Один из арабов всовывает зубило между фигурой святого Лаврентия и пьедесталом и начинает раскачивать.
Сигмунд Скарнес делает два-три шага к человеку, уничтожающему сокровище, которому восемьсот лет.
— Остановись!
Хассан бьет. Быстро и неожиданно. Кулаком попадает в висок. Удар настолько силен, что священник переворачивается и падает, задевая головой острый угол одного из сидений. Что-то трещит. Священник падает на пол и лежит без признаков жизни.

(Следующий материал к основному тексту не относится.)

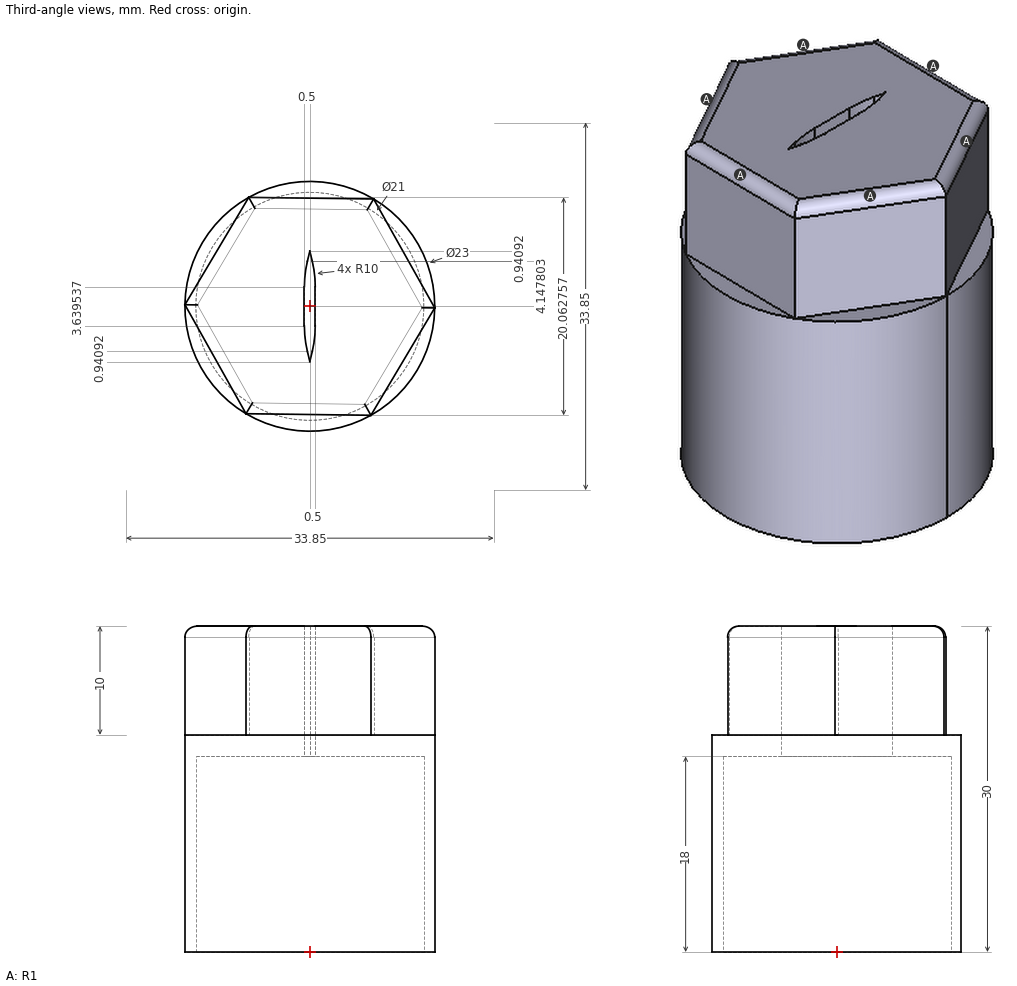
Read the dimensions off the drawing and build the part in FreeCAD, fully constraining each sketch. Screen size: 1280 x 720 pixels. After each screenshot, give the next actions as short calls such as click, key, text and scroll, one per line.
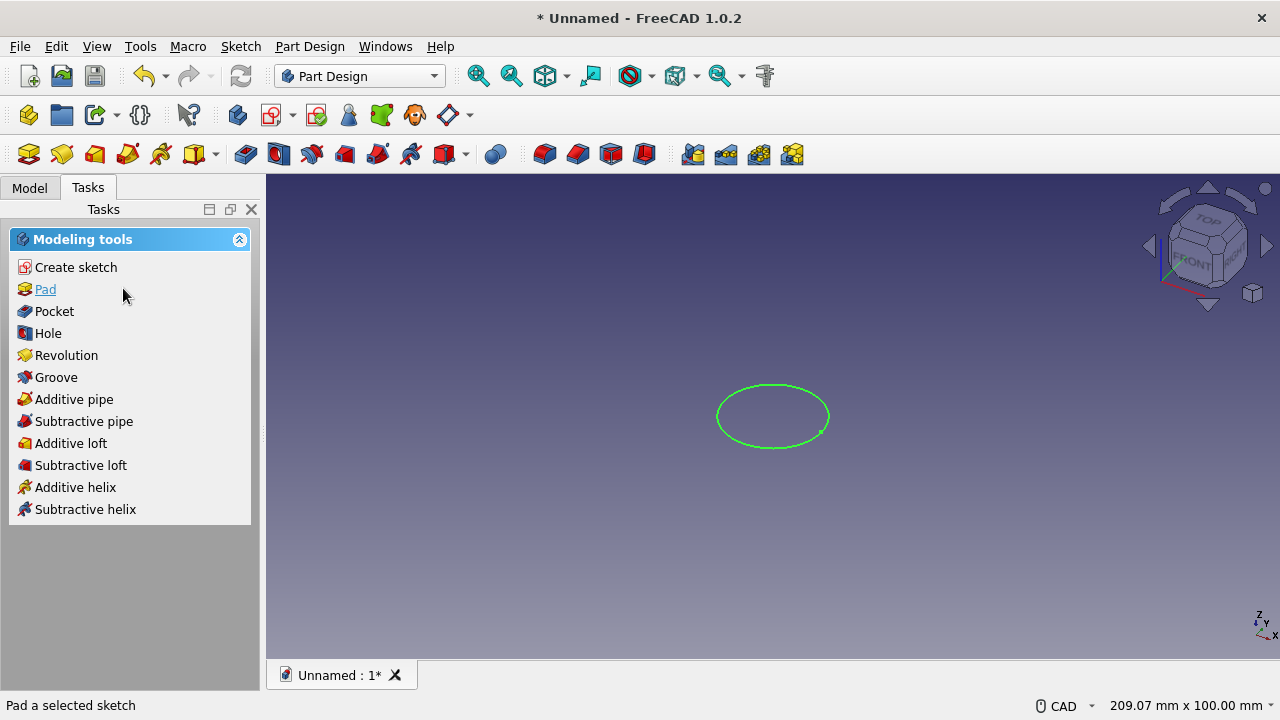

Как ни в чем не бывало, остальные раскачивают святого Лаврентия. Отлетают куски дерева. Я почти слышу, как беззвучно кричит святой. Самый маленький из арабов отрывает фигуру от пьедестала и протягивает ее Хассану. Тот поднимает ее высоко вверх как трофей.
Сейчас они перейдут ко мне, думаю я. Будут ломать пальцы. Один за другим.
Но они гораздо более изощренные.
Один из них подносит бутыль с уайт-спиритом к девятисотлетней крестильной купели и заполняет ее. Другой тащит за собой плачущую церковную служительницу.
— Ты вынуждаешь нас крестить ее, — говорит Хассан.
Крестить ее?
Один из негодяев всовывает пальцы в волосы пытающейся вырваться церковной служительницы и опускает ее лицо в уайт-спирит. Она сопротивляется.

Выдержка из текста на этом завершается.